Colocations à Esch : le ministère de l’Intérieur ne peut (presque) rien faire

Dans la polémique autour du règlement des colocations dans la ville étudiante d’Esch-sur-Alzette, où le conseil échevinal s’est mis en tête de vouloir régulariser sa politique de gentrification en s’attaquant à ce mode de vie, la ministre de l’Intérieur n’a pas grand-chose à dire.

(©Pixabay Congerdesign)

Même en plein été, la querelle autour du plan d’aménagement général (PAG) eschois n’est pas près de se calmer. Et pour cause : le bourgmestre Georges Mischo et sa majorité noir-bleu-vert campent sur leurs positions et essaient de jouer la montre en promettant une campagne d’information – tout en laissant les concerné-e-s devant le statu quo. Ce qui est surtout irritant pour celles et ceux dont la colocation n’a pas été reconnue par les services de la Ville d’Esch et qui sont donc mis sur le registre d’attente. Or, être inscrit-e sur ce registre ne veut pas seulement dire qu’on ne peut pas commander une poubelle ou un certificat de parking résidentiel, mais qu’on est aussi privé-e d’accès à des mesures sociales comme l’allocation de vie chère et le Revis.

Ce qui fait dire à l’opposition que les mesures préconisées par le collège échevinal sont bel et bien asociales et visent à exclure une certaine couche de la population du centre-ville – du moins des maisons unifamiliales. Des arguments que l’équipe Mischo et Knaff refuse en bloc. Une possible arbitre pourrait être la ministre de l’Intérieur Taina Bofferding – même s’il est vrai que sa neutralité dans le dossier peut être mise en doute, vu qu’elle a été conseillère municipale eschoise (de 2011 à 2018) pour le compte des socialistes, désormais rélégué-e-s aux bancs de l’opposition.

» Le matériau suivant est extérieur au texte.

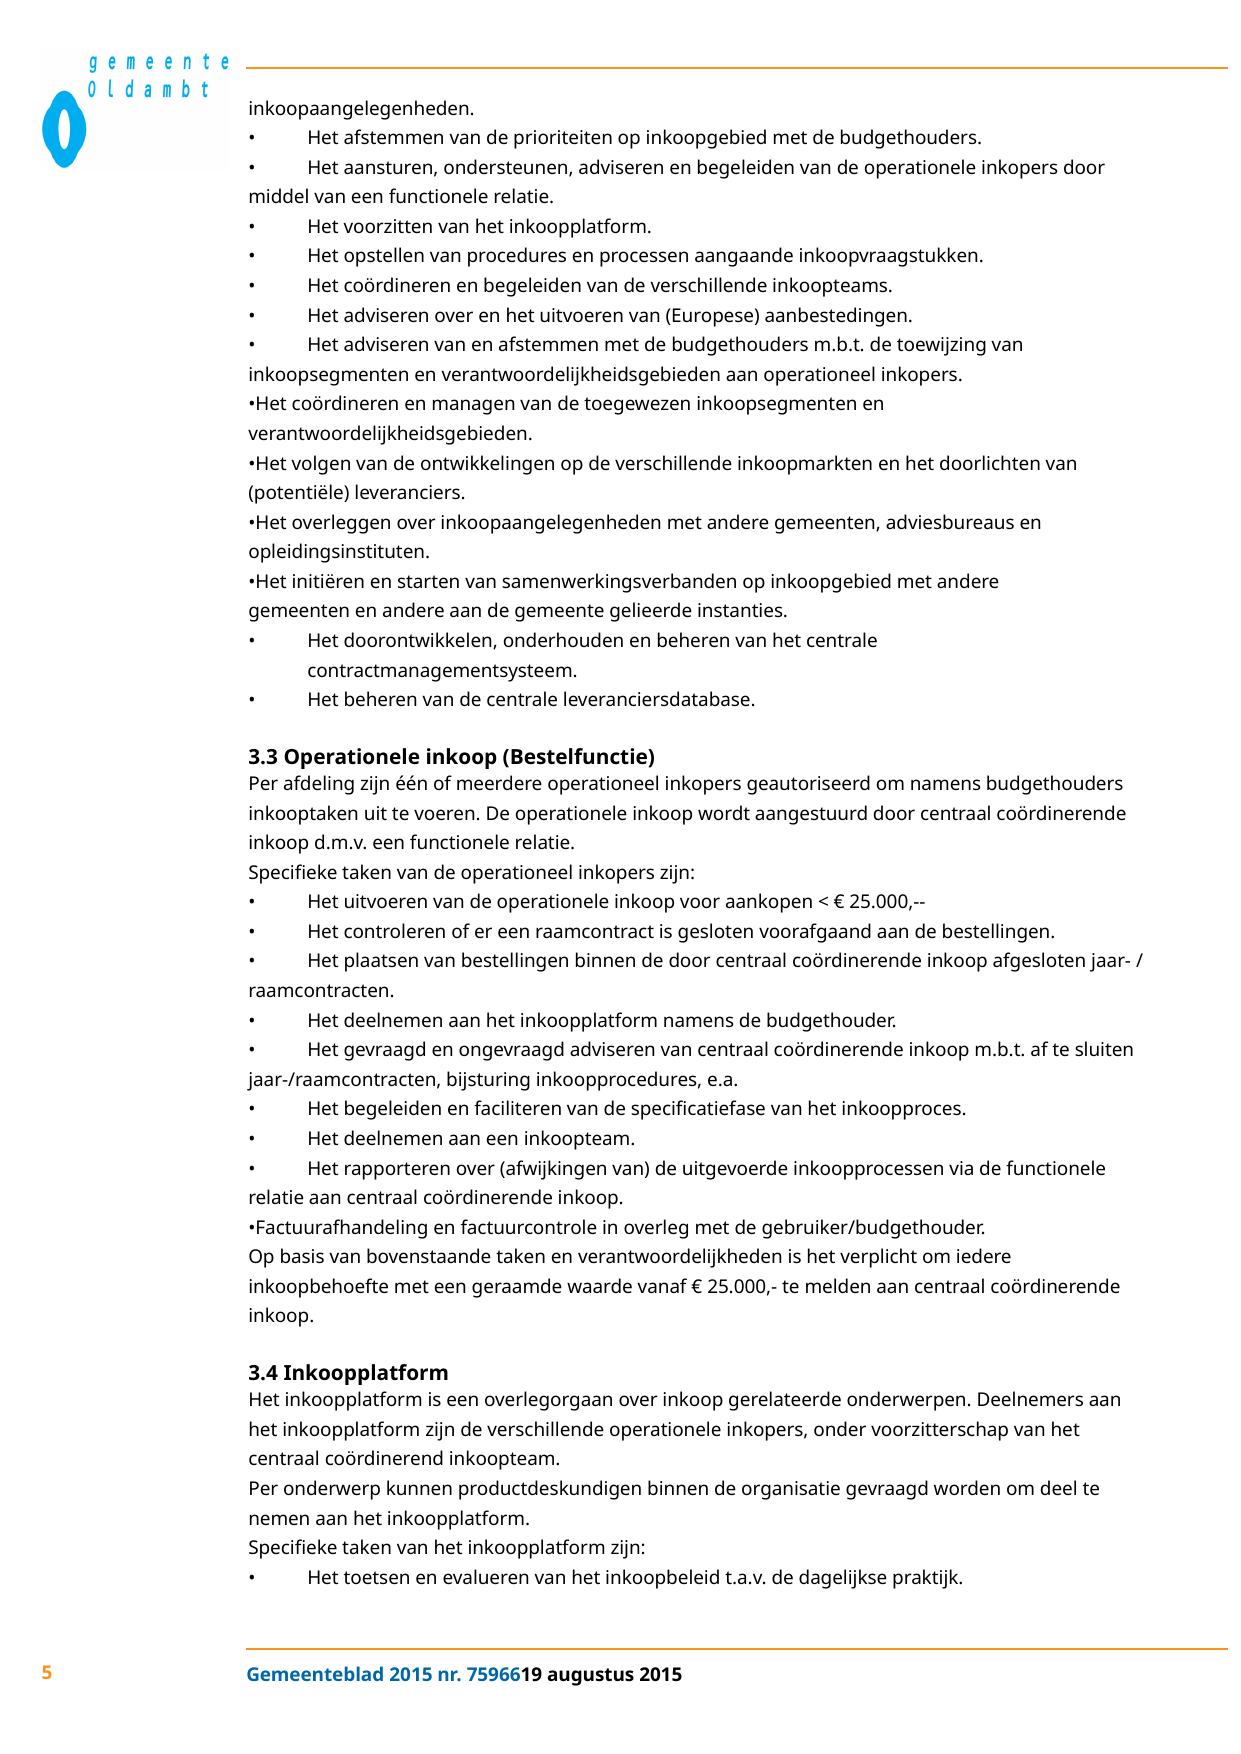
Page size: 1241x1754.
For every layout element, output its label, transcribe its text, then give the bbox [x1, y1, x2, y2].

text nemen aan het inkoopplatform. [248, 1505, 1152, 1531]
list Het voorzitten van het inkoopplatform. [248, 213, 1152, 239]
list Het toetsen en evalueren van het inkoopbeleid t.a.v. de dagelijkse praktijk. [248, 1564, 1152, 1590]
text 3.3 Operationele inkoop (Bestelfunctie) [248, 742, 1152, 770]
list Het adviseren van en afstemmen met de budgethouders m.b.t. de toewijzing van [248, 331, 1152, 357]
text Het inkoopplatform is een overlegorgaan over inkoop gerelateerde onderwerpen. Deelnemers aan het inkoopplatform zijn de verschillende operationele inkopers, onder voorzitterschap van het centraal coördinerend inkoopteam. [248, 1386, 1152, 1471]
list Het deelnemen aan een inkoopteam. [248, 1125, 1152, 1151]
text Per onderwerp kunnen productdeskundigen binnen de organisatie gevraagd worden om deel te [248, 1475, 1152, 1501]
list Het beheren van de centrale leveranciersdatabase. [248, 686, 1152, 712]
list Het adviseren over en het uitvoeren van (Europese) aanbestedingen. [248, 302, 1152, 328]
list Het doorontwikkelen, onderhouden en beheren van het centrale contractmanagementsysteem. [248, 627, 1152, 683]
list Het gevraagd en ongevraagd adviseren van centraal coördinerende inkoop m.b.t. af te sluiten [248, 1036, 1152, 1062]
list Het rapporteren over (afwijkingen van) de uitgevoerde inkoopprocessen via de functionele [248, 1155, 1152, 1181]
text •Het overleggen over inkoopaangelegenheden met andere gemeenten, adviesbureaus en [248, 509, 1152, 535]
text (potentiële) leveranciers. [248, 479, 1152, 505]
list Het aansturen, ondersteunen, adviseren en begeleiden van de operationele inkopers door [248, 154, 1152, 180]
text verantwoordelijkheidsgebieden. [248, 420, 1152, 446]
list Het controleren of er een raamcontract is gesloten voorafgaand aan de bestellingen. [248, 918, 1152, 944]
text Specifieke taken van het inkoopplatform zijn: [248, 1534, 1152, 1560]
text middel van een functionele relatie. [248, 183, 1152, 209]
text •Het volgen van de ontwikkelingen op de verschillende inkoopmarkten en het doorlichten van [248, 450, 1152, 476]
text raamcontracten. [248, 977, 1152, 1003]
text Op basis van bovenstaande taken en verantwoordelijkheden is het verplicht om iedere inkoopbehoefte met een geraamde waarde vanaf € 25.000,- te melden aan centraal coördinerende inkoop. [248, 1243, 1152, 1328]
list Het deelnemen aan het inkoopplatform namens de budgethouder. [248, 1007, 1152, 1033]
text relatie aan centraal coördinerende inkoop. [248, 1184, 1152, 1210]
list Het begeleiden en faciliteren van de specificatiefase van het inkoopproces. [248, 1096, 1152, 1121]
text jaar-/raamcontracten, bijsturing inkoopprocedures, e.a. [248, 1066, 1152, 1092]
list Het plaatsen van bestellingen binnen de door centraal coördinerende inkoop afgesloten jaar- / [248, 948, 1152, 973]
text •Het initiëren en starten van samenwerkingsverbanden op inkoopgebied met andere [248, 568, 1152, 594]
picture [41, 47, 231, 172]
text Specifieke taken van de operationeel inkopers zijn: [248, 859, 1152, 885]
text •Het coördineren en managen van de toegewezen inkoopsegmenten en [248, 391, 1152, 416]
text gemeenten en andere aan de gemeente gelieerde instanties. [248, 598, 1152, 623]
text inkoopsegmenten en verantwoordelijkheidsgebieden aan operationeel inkopers. [248, 361, 1152, 387]
text inkoopaangelegenheden. [248, 95, 1152, 121]
text •Factuurafhandeling en factuurcontrole in overleg met de gebruiker/budgethouder. [248, 1214, 1152, 1240]
text 3.4 Inkoopplatform [248, 1358, 1152, 1386]
text inkoop d.m.v. een functionele relatie. [248, 829, 1152, 855]
text opleidingsinstituten. [248, 538, 1152, 564]
list Het opstellen van procedures en processen aangaande inkoopvraagstukken. [248, 243, 1152, 268]
text Per afdeling zijn één of meerdere operationeel inkopers geautoriseerd om namens budgethouders inkooptaken uit te voeren. De operationele inkoop wordt aangestuurd door centraal coördinerende [248, 770, 1152, 826]
list Het coördineren en begeleiden van de verschillende inkoopteams. [248, 272, 1152, 298]
list Het uitvoeren van de operationele inkoop voor aankopen < € 25.000,-- [248, 888, 1152, 914]
list Het afstemmen van de prioriteiten op inkoopgebied met de budgethouders. [248, 124, 1152, 150]

Règler les colocations par le PAG reste illégal

Le problème principal reste le PAG, qui aurait dû être voté en deuxième lecture et donc en définitive avant les vacances d’été. Suite aux désaccords, ce vote tout de même crucial a été repoussé à l’automne – Mischo disant qu’il veut un vote à l’unanimité. Mais ce changement de calendrier, surtout sans fixer de date précise, peut aussi être un angle d’attaque. C’est ce que le député et conseiller communal eschois Déi Lénk Marc Baum s’est probablement dit en posant toute une série de questions à la ministre sur ce qui arrive quand une commune ne respecte pas certaines finesses du PAG. En effet, la ministre avait déjà constaté que le règlement des colocations par le biais du PAG n’était « pas du ressort de ces instruments juridiques [du PAG] » et en conséquence illégal, dans une autre réponse à un parlementaire. Or, la loi stipule qu’au plus tard trois mois après le premier vote sur le PAG, le conseil communal doit approuver ou rejeter celui-ci si des illégalités sont constatées. Le problème est que cette date du deuxième vote aurait dû être le 7 janvier de cette année.

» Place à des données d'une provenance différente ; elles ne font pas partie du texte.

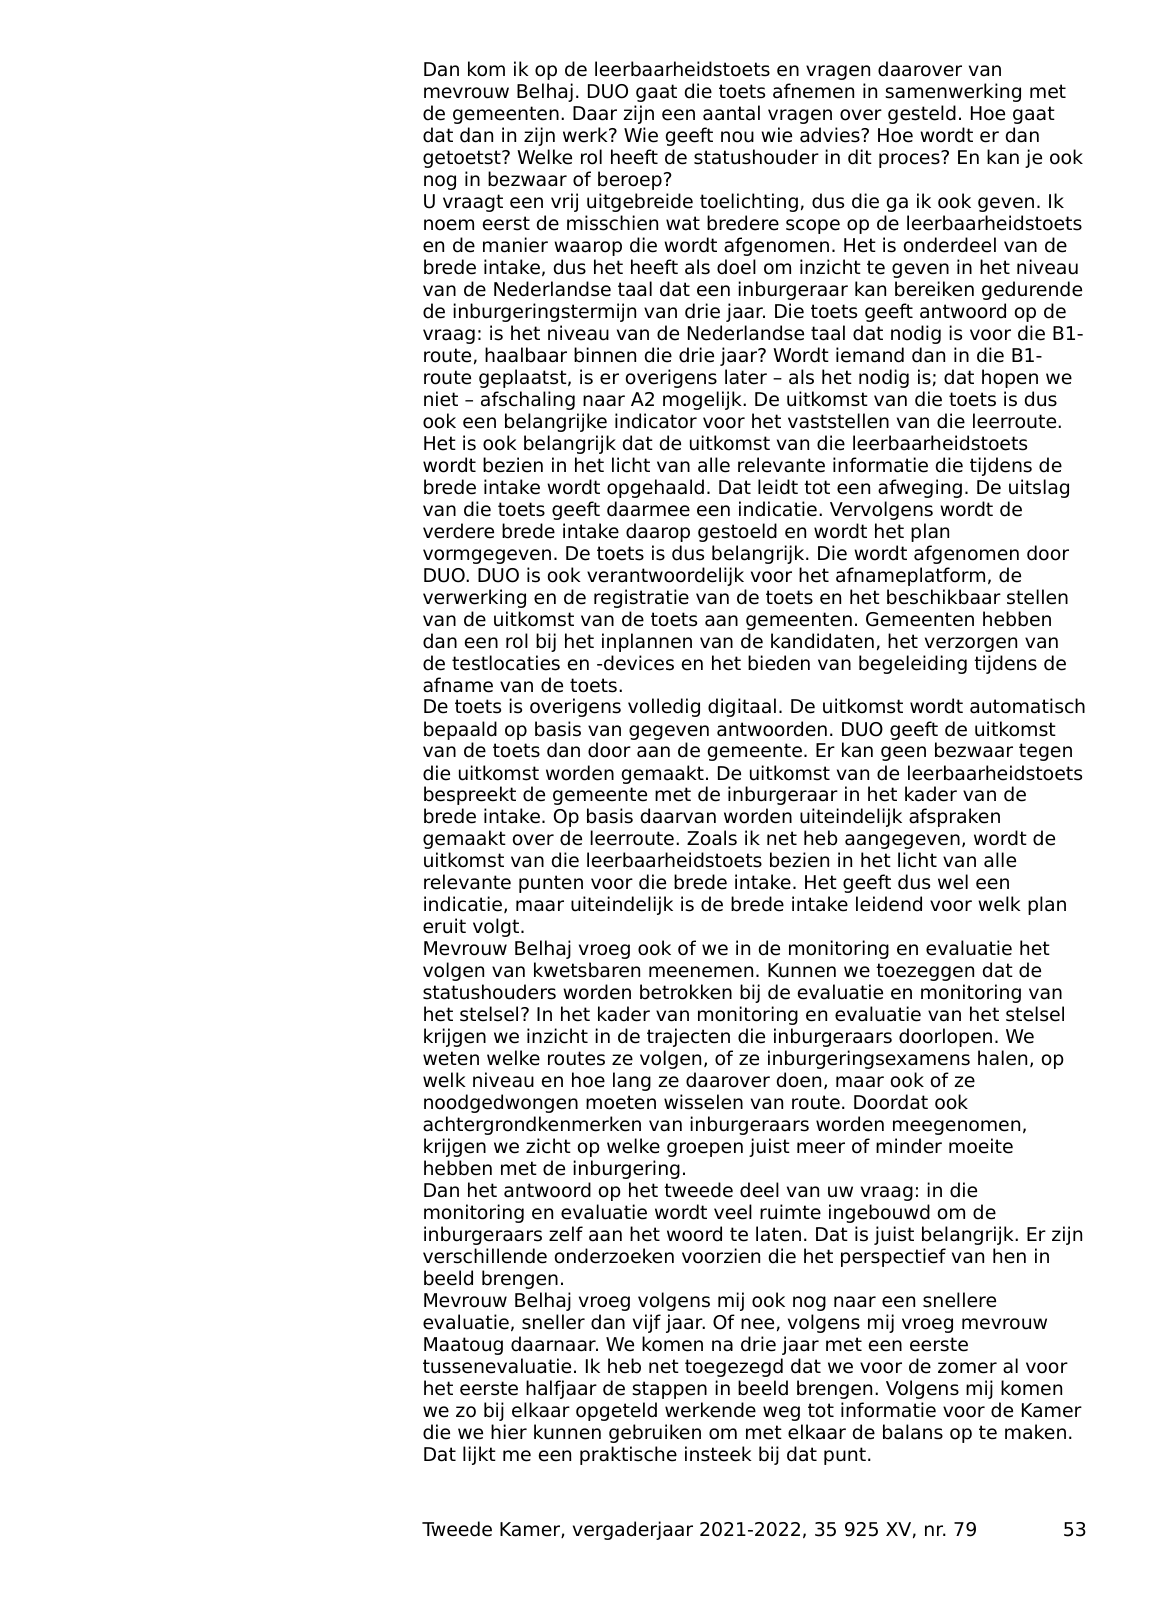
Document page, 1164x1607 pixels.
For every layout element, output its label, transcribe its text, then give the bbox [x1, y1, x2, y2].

text Het is ook belangrijk dat de uitkomst van die leerbaarheidstoets wordt bezien in het licht van alle relevante informatie die tijdens de brede intake wordt opgehaald. Dat leidt tot een afweging. De uitslag van die toets geeft daarmee een indicatie. Vervolgens wordt de verdere brede intake daarop gestoeld en wordt het plan vormgegeven. De toets is dus belangrijk. Die wordt afgenomen door DUO. DUO is ook verantwoordelijk voor het afnameplatform, de verwerking en de registratie van de toets en het beschikbaar stellen van de uitkomst van de toets aan gemeenten. Gemeenten hebben dan een rol bij het inplannen van de kandidaten, het verzorgen van de testlocaties en -devices en het bieden van begeleiding tijdens de afname van de toets. [422, 433, 1087, 696]
text Mevrouw Belhaj vroeg ook of we in de monitoring en evaluatie het volgen van kwetsbaren meenemen. Kunnen we toezeggen dat de statushouders worden betrokken bij de evaluatie en monitoring van het stelsel? In het kader van monitoring en evaluatie van het stelsel krijgen we inzicht in de trajecten die inburgeraars doorlopen. We weten welke routes ze volgen, of ze inburgeringsexamens halen, op welk niveau en hoe lang ze daarover doen, maar ook of ze noodgedwongen moeten wisselen van route. Doordat ook achtergrondkenmerken van inburgeraars worden meegenomen, krijgen we zicht op welke groepen juist meer of minder moeite hebben met de inburgering. [422, 938, 1087, 1180]
text Mevrouw Belhaj vroeg volgens mij ook nog naar een snellere evaluatie, sneller dan vijf jaar. Of nee, volgens mij vroeg mevrouw Maatoug daarnaar. We komen na drie jaar met een eerste tussenevaluatie. Ik heb net toegezegd dat we voor de zomer al voor het eerste halfjaar de stappen in beeld brengen. Volgens mij komen we zo bij elkaar opgeteld werkende weg tot informatie voor de Kamer die we hier kunnen gebruiken om met elkaar de balans op te maken. Dat lijkt me een praktische insteek bij dat punt. [422, 1290, 1087, 1466]
text Dan het antwoord op het tweede deel van uw vraag: in die monitoring en evaluatie wordt veel ruimte ingebouwd om de inburgeraars zelf aan het woord te laten. Dat is juist belangrijk. Er zijn verschillende onderzoeken voorzien die het perspectief van hen in beeld brengen. [422, 1180, 1087, 1290]
text Dan kom ik op de leerbaarheidstoets en vragen daarover van mevrouw Belhaj. DUO gaat die toets afnemen in samenwerking met de gemeenten. Daar zijn een aantal vragen over gesteld. Hoe gaat dat dan in zijn werk? Wie geeft nou wie advies? Hoe wordt er dan getoetst? Welke rol heeft de statushouder in dit proces? En kan je ook nog in bezwaar of beroep? [422, 59, 1087, 191]
text De toets is overigens volledig digitaal. De uitkomst wordt automatisch bepaald op basis van gegeven antwoorden. DUO geeft de uitkomst van de toets dan door aan de gemeente. Er kan geen bezwaar tegen die uitkomst worden gemaakt. De uitkomst van de leerbaarheidstoets bespreekt de gemeente met de inburgeraar in het kader van de brede intake. Op basis daarvan worden uiteindelijk afspraken gemaakt over de leerroute. Zoals ik net heb aangegeven, wordt de uitkomst van die leerbaarheidstoets bezien in het licht van alle relevante punten voor die brede intake. Het geeft dus wel een indicatie, maar uiteindelijk is de brede intake leidend voor welk plan eruit volgt. [422, 696, 1087, 938]
text U vraagt een vrij uitgebreide toelichting, dus die ga ik ook geven. Ik noem eerst de misschien wat bredere scope op de leerbaarheidstoets en de manier waarop die wordt afgenomen. Het is onderdeel van de brede intake, dus het heeft als doel om inzicht te geven in het niveau van de Nederlandse taal dat een inburgeraar kan bereiken gedurende de inburgeringstermijn van drie jaar. Die toets geeft antwoord op de vraag: is het niveau van de Nederlandse taal dat nodig is voor die B1-route, haalbaar binnen die drie jaar? Wordt iemand dan in die B1-route geplaatst, is er overigens later – als het nodig is; dat hopen we niet – afschaling naar A2 mogelijk. De uitkomst van die toets is dus ook een belangrijke indicator voor het vaststellen van die leerroute. [422, 191, 1087, 433]

À la question de savoir quelles conséquences sont prévues si une commune ne respecte pas cette loi, Bofferding répond qu’elle n’y peut pas grand-chose, puisqu’il s’agit d’un ordre et non pas d’un délai de rigueur. Tandis que ce dernier pourrait entraîner des sanctions en cas de non-respect, le délai d’ordre est indicatif et a « pour objectif d’accélérer l’action administrative ». Au-delà de la question de l’efficacité de tels délais, se pose également la question de savoir si une telle législation ne provoque pas des lenteurs et n’encourage pas les batailles politiques locales. Car, uniquement dans l’hypothèse d’un report « sine die » du vote, des conséquences sont possibles de la part du ministère ou de la justice. Encore faut-il définir quand l’éternité a assez duré avant que cette mécanique se mette en branle.

Un brin d’espoir se dégage tout de même des réponses aux trois dernières questions du député ; elles concernent la possibilité d’application de mesures illégales – telles que qualifiées par la ministre. Pour Bofferding, le premier vote provisoire n’instaure qu’un moratoire jusqu’au vote définitif, mais aucunement un chèque en blanc pour appliquer des règlements non conformes. Finalement, la ministre se dit prête « à effectuer un contrôle de légalité et à sanctionner, le cas échéant, toute violation », fait-elle savoir. Ce n’est donc que partie remise.